“Hon, come here and look at this,” my mother said as we shopped at a children’s consignment sale last weekend. “What kind of stitch is this?” I looked at the blanket she was holding. There was no way I was going to pay the price they were asking for, but it didn’t mean I couldn’t try to figure out how it had been made.
“I don’t know,” I replied, poking at the pretty swooping shell shape of the pattern. It wasn’t like any pattern I’d seen before. Usually, crocheting shells means that there are tons of holes and your blanket is more a pretty thing to look at than an object that will keep you warm. But this pattern looked like it would actually be worth snuggling under. Warm and pretty? I looked at the price tag again.
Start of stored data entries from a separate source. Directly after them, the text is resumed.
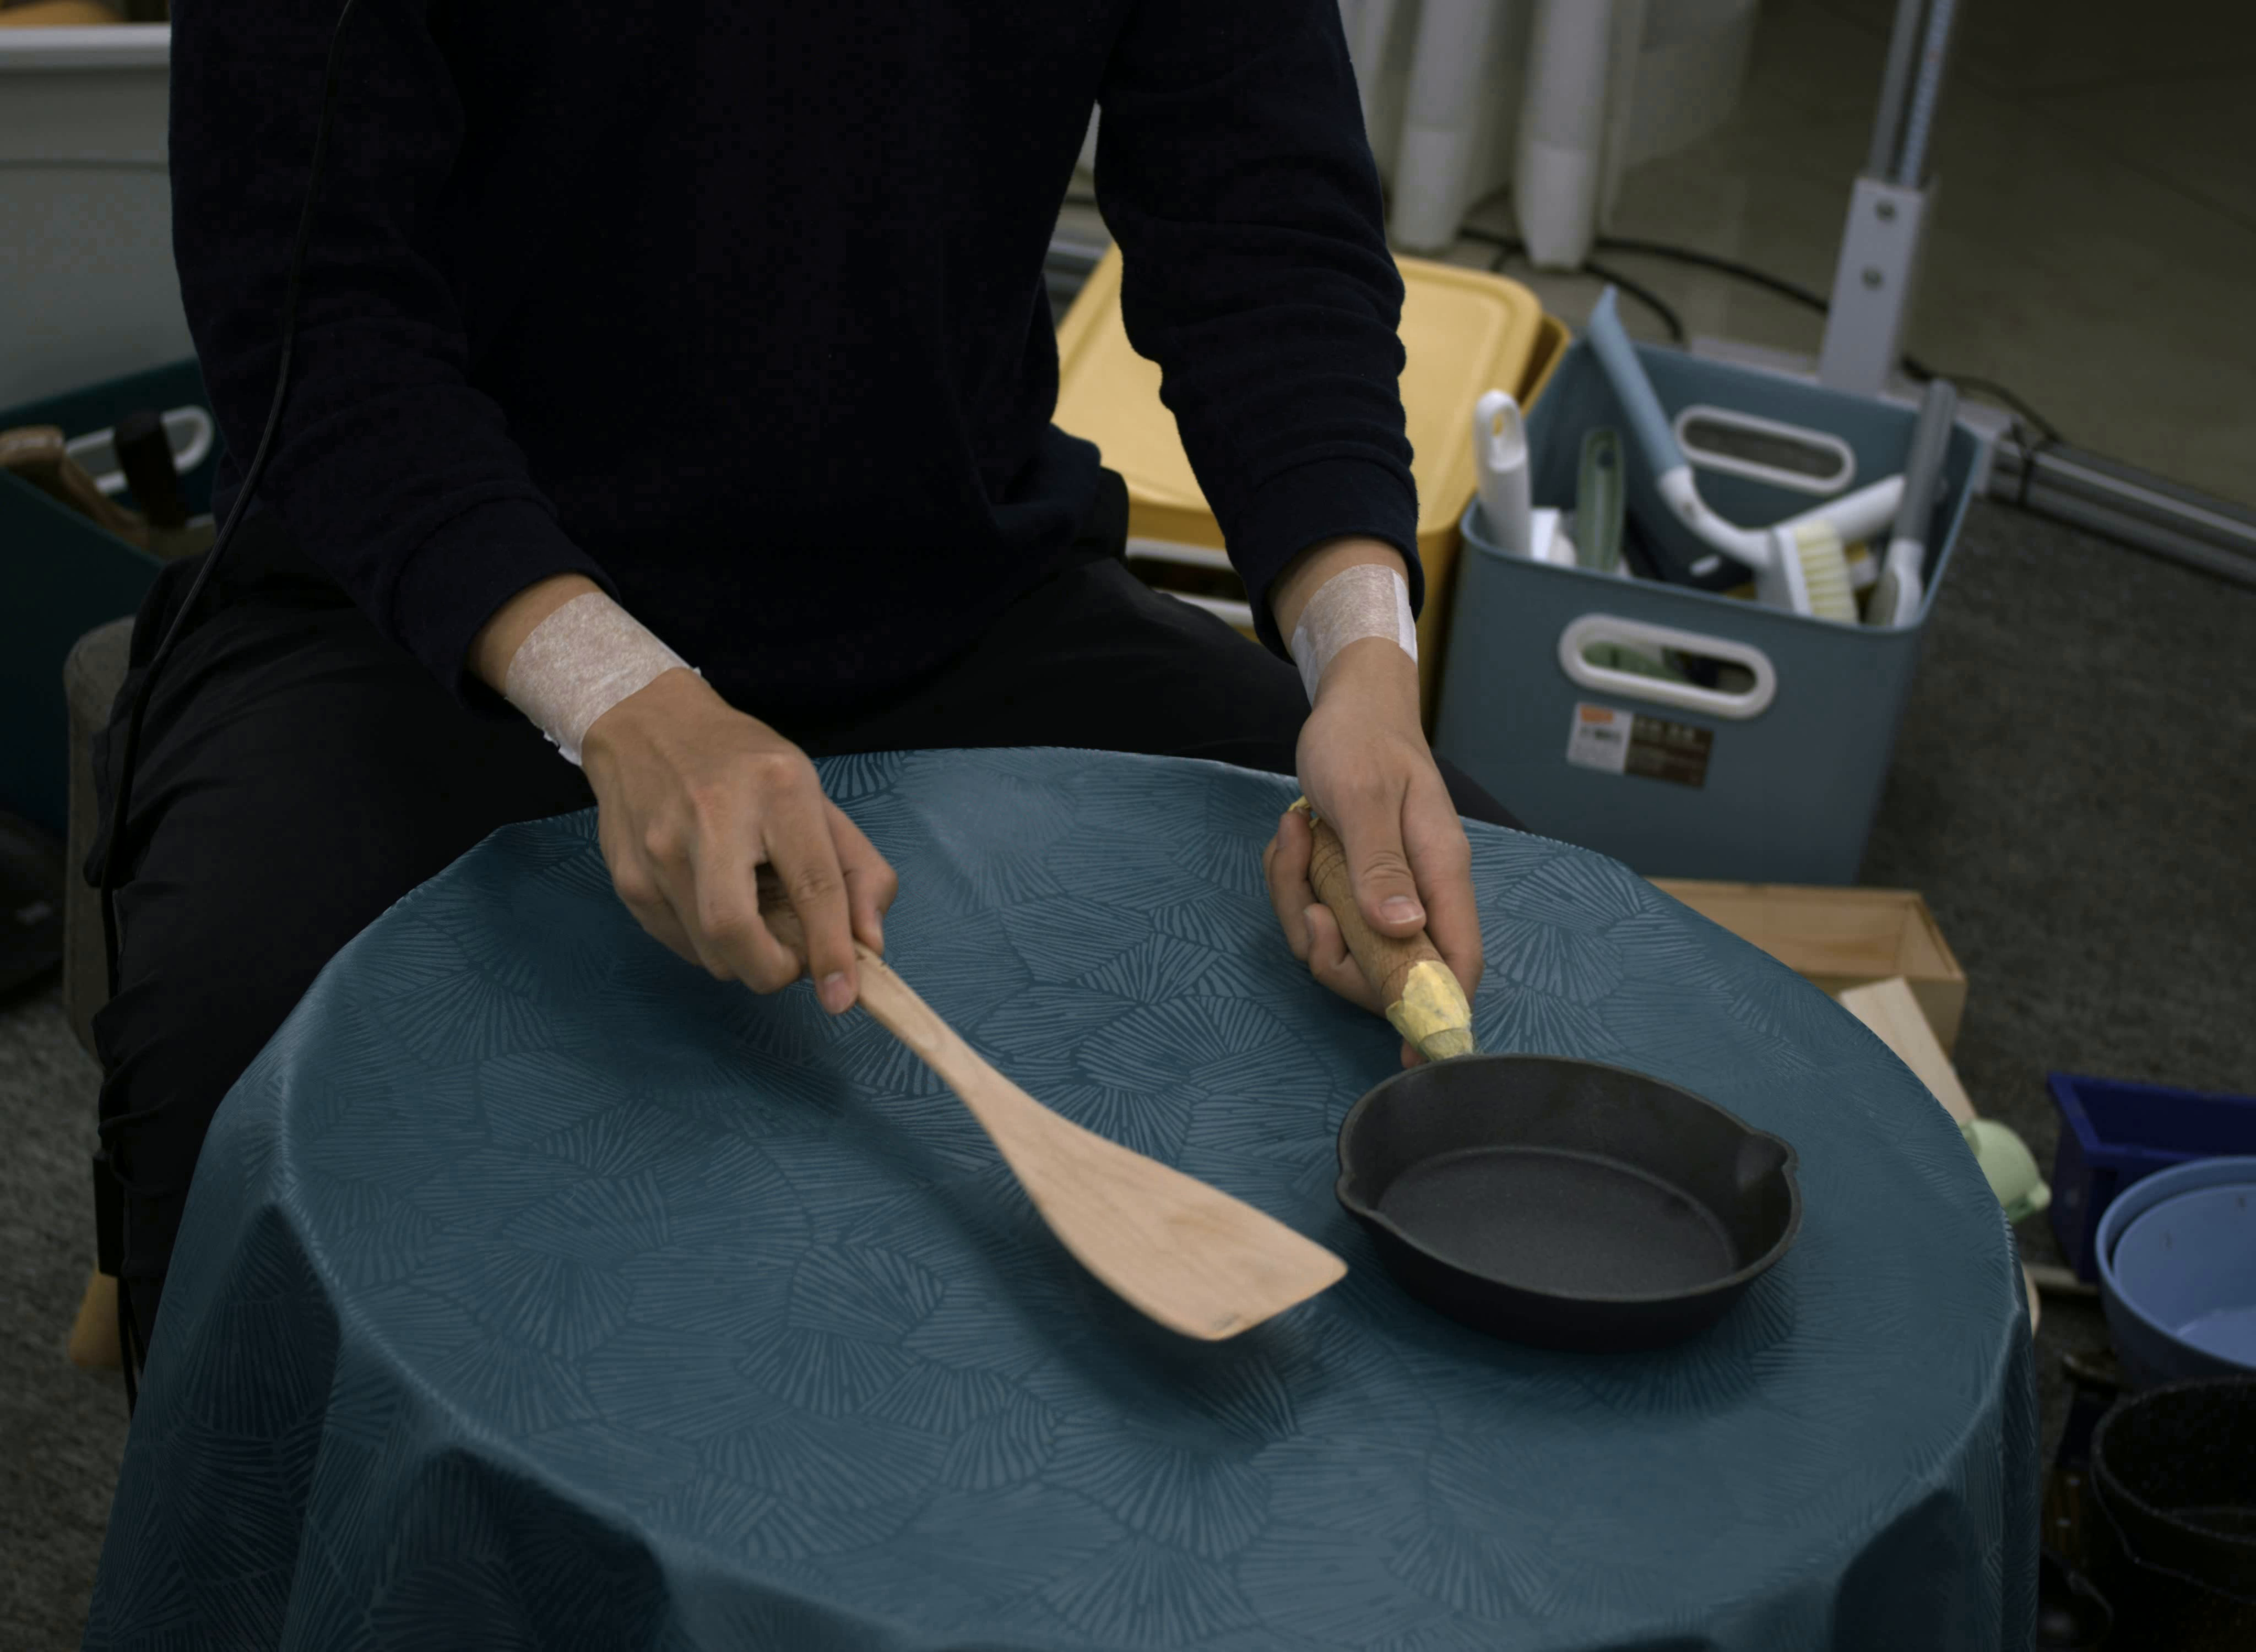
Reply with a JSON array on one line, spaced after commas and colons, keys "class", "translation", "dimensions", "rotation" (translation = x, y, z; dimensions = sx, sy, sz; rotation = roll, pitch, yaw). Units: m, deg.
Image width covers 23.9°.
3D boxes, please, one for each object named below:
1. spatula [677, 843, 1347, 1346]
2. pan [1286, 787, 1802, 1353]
[{"class": "spatula", "translation": [-0.051, 0.083, 1.785], "dimensions": [0.079, 0.016, 0.330], "rotation": [-12, 37, -39]}, {"class": "pan", "translation": [0.120, 0.082, 1.854], "dimensions": [0.168, 0.049, 0.327], "rotation": [-4, 30, -19]}]

Then I shrugged, thinking, If I wanted this, I could make it myself. Then we walked away from it, agreeing that we couldn’t identify the pattern, but that it was nice.
Later on in the week, I began to think about what kind of a pattern I will eventually use to finish the tiny owl blanket, and started to kick myself. “Why didn’t we take a picture of that blanket at the sale?” I asked my mom. I asked my Yarn Genius sister-in-law if she’d ever seen anything like it, explaining the pattern poorly and again lamenting that I hadn’t captured it on film to show her, or at least to compare it to other patterns when I went looking for it on the internet.
To the internet I went. I looked at several different shell-type patterns, and hiding in the middle of those was that cute cupcake pattern. That got me to wondering whether anyone had yet invented an owl pattern, but all I found were hats and adorable amigurumi owls and flat in-the-round type owls that I’ve already been making. One pattern was for a kid’s snuggly comfort item, with an amigurumi owl attached to a little blanket made with a granny stitch, its rows alternating blue and yellow.
Since the tiny owls are granny squares, I thought the blanket was pretty cute, and tried to follow the pattern. My only problem with it was that you can’t leave a loop of one color at the beginning of a row and pick it up at the other end. In the sample I made, I carried the yarn through each row, but if I actually decide to make it this way, I think I’ll use all one color, or cut the yarn, or have two skeins of the same color to use (one per side). Unless there’s something I’m missing on this pattern.
The reason I like it is that it’s got a little bit of room to see through, but not so much that you’re going to be losing warmth, just like the tiny owls. Not that I expect that this blanket will be the primary source of heat for anyone in the future, but if it needs to be used for that, it should be able to be something other than just a pretty thing laying around.